However, image monitoring of transmission lines using the above devices has the following disadvantages:

1) The device consumes a relatively large amount of power and has a large volume and a high cost. The DVS power consumption in the device is generally about 6 watts, and the sleep power cannot be reduced to reduce the power consumption. The power consumption of the camera in the device is generally about 10 watts, and there is no low power consumption, so the device works normally. The power requirement of the power supply is relatively high. In order to meet the 30-day working time requirement, when the device is powered, a lead-acid battery or a gel battery with a larger volume capacity is used, and the power required for the battery-powered solar panel is correspondingly higher. Large, resulting in a relatively high cost of the device.
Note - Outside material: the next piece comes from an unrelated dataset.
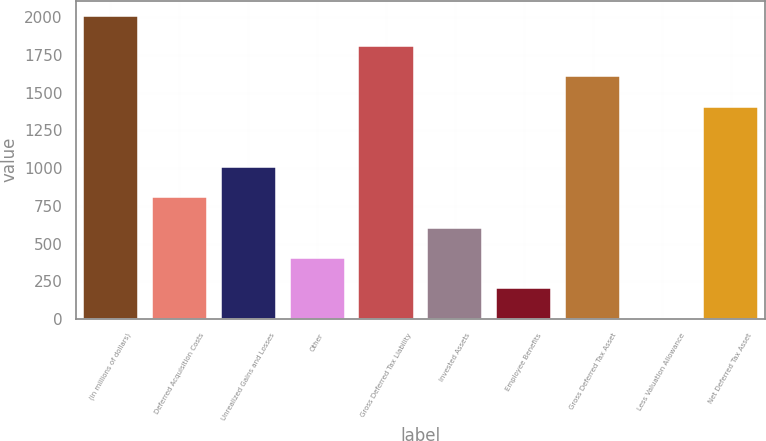Convert chart. <chart><loc_0><loc_0><loc_500><loc_500><bar_chart><fcel>(in millions of dollars)<fcel>Deferred Acquisition Costs<fcel>Unrealized Gains and Losses<fcel>Other<fcel>Gross Deferred Tax Liability<fcel>Invested Assets<fcel>Employee Benefits<fcel>Gross Deferred Tax Asset<fcel>Less Valuation Allowance<fcel>Net Deferred Tax Asset<nl><fcel>2010<fcel>806.46<fcel>1007.05<fcel>405.28<fcel>1809.41<fcel>605.87<fcel>204.69<fcel>1608.82<fcel>4.1<fcel>1408.23<nl></chart>

2) The installation of the device is troublesome and laborious. The device is large in size and heavy in weight. Generally, the weight of the whole set of equipment can reach 40 kg or more. To be installed on a high transmission line, the transmission line is generally installed on the transmission line tower, and at least 3 to 4 people need to complete the cooperation and take the skating. Other tools, especially in some remote mountainous areas, are more prominent.

3) The device has poor integration. In order to realize various functions of monitoring, the device requires a plurality of different functional modules to be combined, and the design cost is high. The device generally includes: a digital signal processing (DSP) or an ARM chip with a codec, a communication transmission module, a memory chip, an analog camera, and a power supply system, etc., belonging to a modular combination, the device The individual functional modules are independent of each other, with high design cost and low integration.
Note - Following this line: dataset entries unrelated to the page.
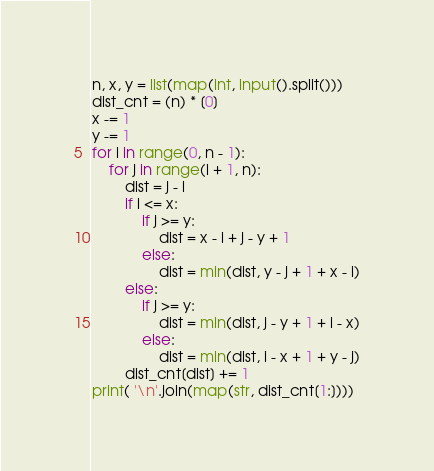Convert code to text. <code><loc_0><loc_0><loc_500><loc_500><_Python_>n, x, y = list(map(int, input().split()))
dist_cnt = (n) * [0]
x -= 1
y -= 1
for i in range(0, n - 1):
    for j in range(i + 1, n):
        dist = j - i
        if i <= x:
            if j >= y:
                dist = x - i + j - y + 1
            else:
                dist = min(dist, y - j + 1 + x - i)
        else:
            if j >= y:
                dist = min(dist, j - y + 1 + i - x)
            else:
                dist = min(dist, i - x + 1 + y - j)
        dist_cnt[dist] += 1
print( '\n'.join(map(str, dist_cnt[1:])))
</code>

Therefore, how to provide a low-power and low-cost, easy-to-install and highly integrated transmission line monitoring device in image monitoring of a transmission line has become an urgent problem to be solved.

Summary of the invention

In view of this, an embodiment of the present invention provides an image monitoring device for a transmission line, which can reduce power consumption and cost when performing image monitoring on a transmission line, is easy to install, and has high integration.

The embodiment of the invention further provides an image monitoring method for a transmission line, which can reduce power consumption and cost when performing image monitoring on a transmission line, is easy to install and has high integration.

According to the above object, the present invention is achieved as follows:

An image monitoring device for a transmission line, the monitoring device is mounted on a power transmission line, and includes: a solar power supply unit 101, an on-chip system SoC 102, and a camera 103. The SoC 102 is connected to the camera 103, wherein

a solar power supply unit 101 for supplying power to the SoC 102 and the camera 103;

The camera 103 is configured to acquire a transmission line image in real time under the control of the SoC 102, and send the acquired transmission line image to the SoC 102;

The SoC 102 is configured to control the camera to acquire the data line image in real time, encode the transmission line image obtained from the camera 103, and then wirelessly output the image.

An image monitoring method for a transmission line includes:

The monitoring device includes a SoC, a camera and a solar energy functional unit, the SoC is connected to the camera, the SoC and the camera are powered by the solar power supply unit, and the monitoring device is erected on the power transmission line;

The SoC controls the camera to obtain the transmission line image in real time;

The SoC encodes the acquired transmission line image and outputs it wirelessly.

It can be seen from the foregoing solution that the apparatus and method provided by the embodiments of the present invention are implemented by using a system on chip (SoC)+camera, the SoC is connected to the camera, and the camera is used to obtain the transmission line image in real time under the control of the SoC. The acquired transmission line image is sent to the SoC, and the SoC is used to control the camera to acquire the data line image in real time, encode the transmission line image from the camera, and wirelessly output. Further, the SoC has a sleep control module, which can make the SoC sleep and reduce power consumption. Due to the low power consumption and small size of the SoC, when the camera is mounted on the transmission line for image monitoring, it can reduce power consumption and cost, and is easy to install and highly integrated.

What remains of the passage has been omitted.